В точном смысле, научно, этого и нельзя отвергнуть: где Бог и где человек, где кончилось божеское и началось человеческое, или наоборот? Невозможность здесь разграничения Библия указывает в первых же строках, рассказывая о сотворении человека: «и вдунул Бог (в форму из земли) душу бессмертную, душу разумную». Впервые это слово так ясно, просто и кратко высказано в Библии: а ведь можно упасть на землю, и в слезах целовать это слово, одну эту строку, с благодарностью к написавшему, которой и предела нет. «Весь ты, человек, из земли; глина, песок, известь, фосфор, — вот твой жалкий состав, как у камней, у травы, у соленых морских волн. Но не трепещи, не склоняй голову: во все это Бог вдунул разум, сердце, душу. И вот ты весь, — и Бог, и камень. Настоящего, настоящего Бога в тебе есть частица, — не идола, не истукана, не чего-нибудь, не фантазии и мифа: а настоящего Бога, Единого, Вечного, все создавшего — в тебе бьется пульс, дыхание, что-то, вот это небесное веяние, небесное опахивание, о котором ты говоришь, что не знаешь, откуда оно. Будь смиренен, ибо ты земля; но будь и высок, ибо ты — Бог, частица Бога, Божий дух в Тебе».
Поразительно. Хочется плакать. Испуган, благодаришь.

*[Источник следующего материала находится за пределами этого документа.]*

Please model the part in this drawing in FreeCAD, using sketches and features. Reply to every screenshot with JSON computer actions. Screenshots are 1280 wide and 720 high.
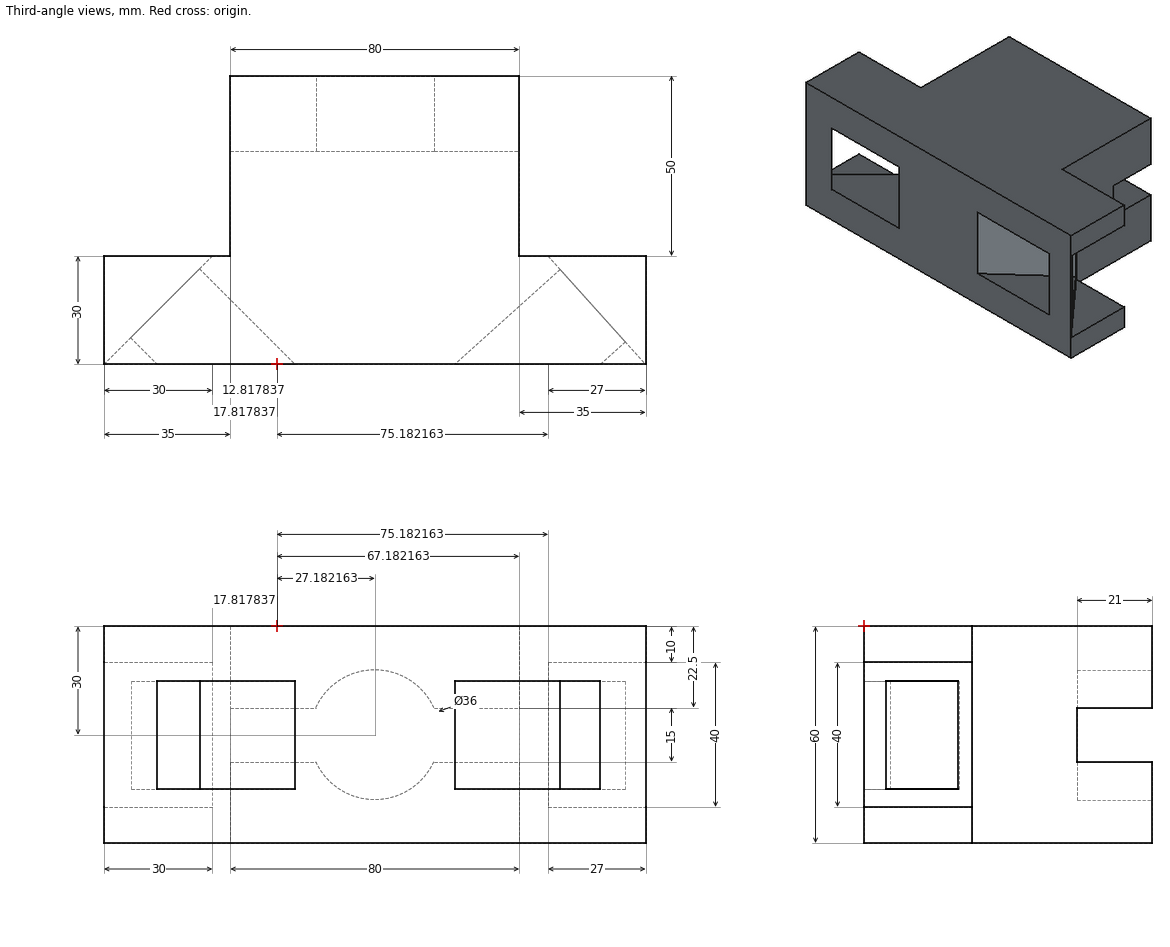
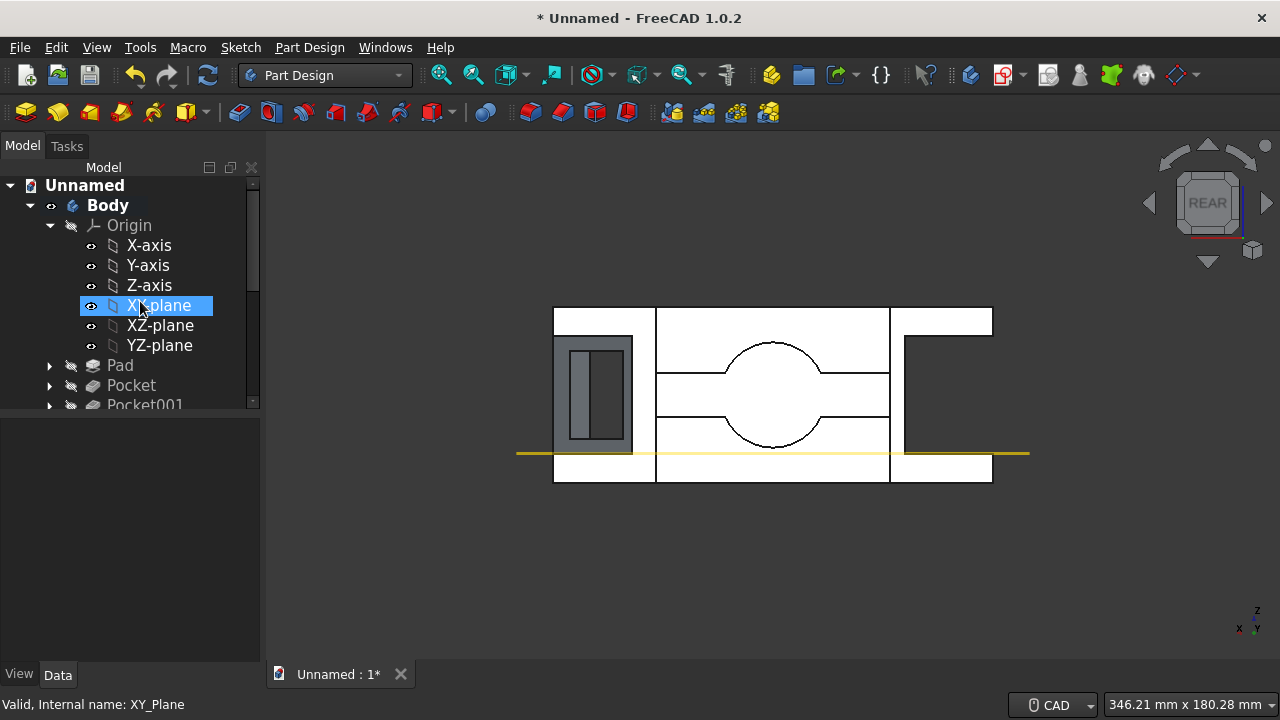
{"action": "scroll", "coordinate": [100, 301], "scroll_direction": "down", "scroll_amount": 6}

Нельзя не заметить, что Толстой посмеялся над этим рассказом Библии: сказав, что «сочинено» и «по-детски», что «неправдоподобно» и, значит, не было. Ну, что же: зато, «дважды два четыре» — есть. Но почему-то на этом «есть» никогда не возникало религии, ни разу человеку не захотелось помолиться на «дважды два». Толстой в этом случае, да и вообще-то если его всего придвинуть к Библии, окажется удивленно не «священным». Точно царь Халдеи, — «звон» о Боге слышавший, но Бога никогда не видевший и вообще бродящий где-то за краями, вдали, на горизонте подлинно священных мест.
Чтение Библии поднимает, облагораживает; и сообщает душе читающего тот же священный оттенок, т.е. настроенность в высшей степени серьезную, до торжественности и трагизма, каким само обладает. В сравнении со всякими другими книгами, это — как чистая вода горного ключа после спитого чая, водки и бутербродов; это — как поле и полевые цветы, хижина араба и его песня о звездах после душного ресторана с «малыми»; всегда это для души — освежение и воскресение.
1909-1911 гг.
О «Песне песней»
«Да не прейдет и йота в ней», хочется сказать о «Песне песней»: — «Не трогайте и черты в ней. Все вышло так в ней, и вышло единственный только раз в истории, что, как вы перемените хотя одну в ней черту, — нечто умрет в ней и повредится вся она; заменить же эту черту чем-нибудь ни вы и никто не сумеет. Итак, оставьте все эти звуки, тон их, сохраните даже то, чего вы за древностью не понимаете или что по незнанию обстановки быта крайне темно: эти непонятные места пройдут немыми для вас, но зато остальное сохранит ту свежесть живых и чистых вод, которые вот уже сколько тысяч лет назад вышли из-под кедров Ливана, и поят народы с тех пор, и все пьют эти воды и свежеют от них».
Ароматичность их не улетучивается... какая-то вечная... «Песнь песней» так и начинается с ароматичности — и никакое другое слово не повторяется в ней так часто, в стольких изгибах, оттенках, разнообразии, как это слово, название, ощущение... Если бы возможно было произведения человеческого гения или воображения распределить по категориям пяти чувств, сообразно тому, которое из них было господствующим, творящим в данной поэме или рассказе, то «Песню песней» без всякого колебания все отнесли бы к редкой, исключительной, немногочисленной группе произведений обонятельных ли, ароматичных ли, — как угодно. Сюжета она почти не имеет, рассказ в ней тускл или неясен; и никто не задается вопросом, о чем, собственно, здесь говорится, где «подлежащее» этой фабулы и где ее «сказуемое». Вся поэма как-то дремотна... Точно она прошептана в дремоте, когда еще душа и все чувства не пробудились или когда они не заснули; но, во всяком случае, — когда они ушли от действительности, от дня и отчетливости дневных очертаний. Рисунок ее также неясен, и вообще это далеко не зрительная и не красочная поэма... Ее музыка... Да, она есть; но она вся происходит от этих сгибов и перегибов, теней и полутеней чего-то сладкого, и именно сладко-ароматистого, что льется в поэме или, точнее, отделяется от поэмы и волнует нас темным безглазым волнением. Это самая ароматичная и тайная поэма во всемирной литературе.